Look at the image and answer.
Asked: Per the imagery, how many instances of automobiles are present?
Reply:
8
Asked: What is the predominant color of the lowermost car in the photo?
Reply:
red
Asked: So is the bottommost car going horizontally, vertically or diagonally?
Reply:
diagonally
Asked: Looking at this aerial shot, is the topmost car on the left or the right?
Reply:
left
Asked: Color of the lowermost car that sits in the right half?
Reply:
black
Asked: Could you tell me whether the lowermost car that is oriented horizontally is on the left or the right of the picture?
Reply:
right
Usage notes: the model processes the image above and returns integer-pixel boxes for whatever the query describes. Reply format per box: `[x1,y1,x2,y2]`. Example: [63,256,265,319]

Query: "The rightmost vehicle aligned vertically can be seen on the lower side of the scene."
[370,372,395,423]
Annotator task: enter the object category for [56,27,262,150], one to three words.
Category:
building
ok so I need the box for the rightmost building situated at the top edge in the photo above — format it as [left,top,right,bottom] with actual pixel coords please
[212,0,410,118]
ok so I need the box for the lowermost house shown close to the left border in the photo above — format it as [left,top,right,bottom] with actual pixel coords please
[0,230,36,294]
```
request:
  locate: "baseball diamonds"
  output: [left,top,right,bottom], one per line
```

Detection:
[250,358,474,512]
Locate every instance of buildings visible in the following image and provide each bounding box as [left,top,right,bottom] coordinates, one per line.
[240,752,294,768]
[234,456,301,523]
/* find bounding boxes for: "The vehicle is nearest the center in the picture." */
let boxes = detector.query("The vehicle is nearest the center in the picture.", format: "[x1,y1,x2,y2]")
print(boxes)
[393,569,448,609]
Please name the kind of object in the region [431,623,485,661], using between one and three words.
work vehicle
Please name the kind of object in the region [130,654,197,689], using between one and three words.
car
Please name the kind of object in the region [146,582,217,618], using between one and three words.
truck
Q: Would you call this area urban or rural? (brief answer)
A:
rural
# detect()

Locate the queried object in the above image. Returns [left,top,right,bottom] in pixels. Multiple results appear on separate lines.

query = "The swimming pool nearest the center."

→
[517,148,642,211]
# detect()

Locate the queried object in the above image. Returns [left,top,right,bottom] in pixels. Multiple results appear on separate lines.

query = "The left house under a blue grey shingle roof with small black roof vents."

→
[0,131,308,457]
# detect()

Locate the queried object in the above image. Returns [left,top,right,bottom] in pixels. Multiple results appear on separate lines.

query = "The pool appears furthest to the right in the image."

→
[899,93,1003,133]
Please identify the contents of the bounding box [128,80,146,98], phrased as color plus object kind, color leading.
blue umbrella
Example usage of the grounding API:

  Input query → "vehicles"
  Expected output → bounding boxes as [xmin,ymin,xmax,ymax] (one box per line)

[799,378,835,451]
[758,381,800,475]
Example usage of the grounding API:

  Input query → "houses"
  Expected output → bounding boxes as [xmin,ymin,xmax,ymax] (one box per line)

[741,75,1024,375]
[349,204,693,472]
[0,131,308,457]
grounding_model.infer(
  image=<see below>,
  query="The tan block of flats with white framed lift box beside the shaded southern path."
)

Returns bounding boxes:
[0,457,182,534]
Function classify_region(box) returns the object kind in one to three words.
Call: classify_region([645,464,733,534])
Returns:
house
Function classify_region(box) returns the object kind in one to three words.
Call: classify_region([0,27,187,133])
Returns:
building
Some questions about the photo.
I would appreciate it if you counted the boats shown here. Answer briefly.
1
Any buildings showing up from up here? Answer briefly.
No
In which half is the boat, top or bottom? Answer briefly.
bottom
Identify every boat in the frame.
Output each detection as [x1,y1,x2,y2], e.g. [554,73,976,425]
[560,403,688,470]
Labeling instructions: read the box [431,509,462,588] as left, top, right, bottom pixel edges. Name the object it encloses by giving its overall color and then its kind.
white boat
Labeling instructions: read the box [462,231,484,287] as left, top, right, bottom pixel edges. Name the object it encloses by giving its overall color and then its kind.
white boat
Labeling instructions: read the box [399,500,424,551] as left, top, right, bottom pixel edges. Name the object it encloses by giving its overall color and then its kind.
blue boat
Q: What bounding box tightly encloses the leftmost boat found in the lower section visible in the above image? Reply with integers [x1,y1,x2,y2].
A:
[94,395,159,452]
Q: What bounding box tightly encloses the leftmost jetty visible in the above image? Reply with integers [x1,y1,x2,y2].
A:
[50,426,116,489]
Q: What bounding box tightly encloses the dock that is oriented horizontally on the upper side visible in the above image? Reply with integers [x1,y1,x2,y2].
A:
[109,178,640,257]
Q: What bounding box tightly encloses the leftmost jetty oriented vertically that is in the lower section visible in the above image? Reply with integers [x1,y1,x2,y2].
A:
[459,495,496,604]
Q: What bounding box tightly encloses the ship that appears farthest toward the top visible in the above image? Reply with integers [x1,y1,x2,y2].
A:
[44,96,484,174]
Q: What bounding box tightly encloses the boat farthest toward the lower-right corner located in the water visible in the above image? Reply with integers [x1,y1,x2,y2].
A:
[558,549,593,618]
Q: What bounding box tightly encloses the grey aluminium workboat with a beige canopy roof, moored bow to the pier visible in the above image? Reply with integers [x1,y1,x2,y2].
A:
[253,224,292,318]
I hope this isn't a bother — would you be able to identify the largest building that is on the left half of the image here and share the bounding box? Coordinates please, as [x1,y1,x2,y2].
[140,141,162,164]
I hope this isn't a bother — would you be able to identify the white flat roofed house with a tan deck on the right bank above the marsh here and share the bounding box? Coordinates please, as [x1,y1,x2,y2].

**Instructions to follow**
Retype the records above so that nothing differs from the original.

**Output of the task**
Look at the image and answer.
Asked: Per the imagery, how many instances of automobiles are present?
Reply:
8
Asked: What is the predominant color of the lowermost car in the photo?
Reply:
red
Asked: So is the bottommost car going horizontally, vertically or diagonally?
Reply:
diagonally
Asked: Looking at this aerial shot, is the topmost car on the left or the right?
Reply:
left
Asked: Color of the lowermost car that sits in the right half?
Reply:
black
Asked: Could you tell me whether the lowermost car that is oriented horizontally is on the left or the right of the picture?
Reply:
right
Usage notes: the model processes the image above and returns integer-pixel boxes for whatever the query describes. Reply format per box: `[x1,y1,x2,y2]`. Example: [63,256,265,319]

Query: "The rightmost vehicle aligned vertically can be seen on the lower side of the scene."
[370,372,395,423]
Annotator task: enter the object category for [56,27,262,150], one to three words.
Category:
building
ok so I need the box for the rightmost building situated at the top edge in the photo above — format it as [left,top,right,bottom] with actual pixel coords please
[212,0,410,118]
ok so I need the box for the lowermost house shown close to the left border in the photo above — format it as [left,top,right,bottom] with actual pixel coords please
[0,230,36,294]
```
request:
  locate: "baseball diamonds"
  output: [left,top,right,bottom], one per line
```

Detection:
[250,358,474,512]
Locate every instance of buildings visible in the following image and provide each bounding box as [left,top,right,bottom] coordinates, one per line.
[240,752,294,768]
[234,456,301,523]
/* find bounding boxes for: "The vehicle is nearest the center in the picture." */
let boxes = detector.query("The vehicle is nearest the center in the picture.", format: "[x1,y1,x2,y2]")
print(boxes)
[393,569,448,609]
Please name the kind of object in the region [431,623,485,661], using between one and three words.
work vehicle
Please name the kind of object in the region [130,654,197,689], using between one and three words.
car
Please name the kind of object in the region [146,582,217,618], using between one and three words.
truck
Q: Would you call this area urban or rural? (brief answer)
A:
rural
# detect()

Locate the queried object in the above image. Returns [left,top,right,bottom] in pixels. Multiple results appear on separate lines.

query = "The swimming pool nearest the center."

→
[517,148,642,211]
# detect()

Locate the queried object in the above image. Returns [left,top,right,bottom] in pixels. Multiple results appear on separate lines.

query = "The left house under a blue grey shingle roof with small black roof vents."

→
[0,131,308,457]
# detect()

Locate the queried object in the above image. Returns [left,top,right,bottom] in pixels. Multiple results appear on separate lines.

query = "The pool appears furthest to the right in the image."

→
[899,93,1003,133]
Please identify the contents of the bounding box [128,80,146,98], phrased as color plus object kind, color leading.
blue umbrella
Example usage of the grounding API:

  Input query → "vehicles"
  Expected output → bounding boxes as [xmin,ymin,xmax,ymax] (one box per line)

[799,378,835,451]
[758,381,800,475]
Example usage of the grounding API:

  Input query → "houses"
  Expected output → bounding boxes as [xmin,ymin,xmax,ymax] (one box per line)

[741,75,1024,375]
[349,204,693,472]
[0,131,308,457]
grounding_model.infer(
  image=<see below>,
  query="The tan block of flats with white framed lift box beside the shaded southern path."
)

Returns bounding boxes:
[0,457,182,534]
Function classify_region(box) returns the object kind in one to three words.
Call: classify_region([645,464,733,534])
Returns:
house
Function classify_region(box) returns the object kind in one to three words.
Call: classify_region([0,27,187,133])
Returns:
building
Some questions about the photo.
I would appreciate it if you counted the boats shown here. Answer briefly.
1
Any buildings showing up from up here? Answer briefly.
No
In which half is the boat, top or bottom? Answer briefly.
bottom
Identify every boat in the frame.
Output each detection as [x1,y1,x2,y2], e.g. [554,73,976,425]
[560,403,688,470]
Labeling instructions: read the box [431,509,462,588] as left, top, right, bottom pixel edges. Name the object it encloses by giving its overall color and then its kind.
white boat
Labeling instructions: read the box [462,231,484,287] as left, top, right, bottom pixel edges. Name the object it encloses by giving its overall color and then its kind.
white boat
Labeling instructions: read the box [399,500,424,551] as left, top, right, bottom pixel edges. Name the object it encloses by giving its overall color and then its kind.
blue boat
Q: What bounding box tightly encloses the leftmost boat found in the lower section visible in the above image? Reply with integers [x1,y1,x2,y2].
A:
[94,395,159,452]
Q: What bounding box tightly encloses the leftmost jetty visible in the above image? Reply with integers [x1,y1,x2,y2].
A:
[50,426,116,489]
Q: What bounding box tightly encloses the dock that is oriented horizontally on the upper side visible in the above image? Reply with integers [x1,y1,x2,y2].
A:
[109,178,640,257]
Q: What bounding box tightly encloses the leftmost jetty oriented vertically that is in the lower section visible in the above image? Reply with integers [x1,y1,x2,y2].
A:
[459,495,496,604]
Q: What bounding box tightly encloses the ship that appears farthest toward the top visible in the above image? Reply with integers [x1,y1,x2,y2].
A:
[44,96,484,174]
Q: What bounding box tightly encloses the boat farthest toward the lower-right corner located in the water visible in the above image? Reply with integers [x1,y1,x2,y2].
A:
[558,549,593,618]
Q: What bounding box tightly encloses the grey aluminium workboat with a beige canopy roof, moored bow to the pier visible in the above image? Reply with integers [x1,y1,x2,y2].
A:
[253,224,292,318]
I hope this isn't a bother — would you be able to identify the largest building that is on the left half of the image here and share the bounding box? Coordinates please, as [x1,y1,x2,y2].
[140,141,162,164]
I hope this isn't a bother — would you be able to identify the white flat roofed house with a tan deck on the right bank above the marsh here and share the bounding box? Coordinates please, as [x1,y1,x2,y2].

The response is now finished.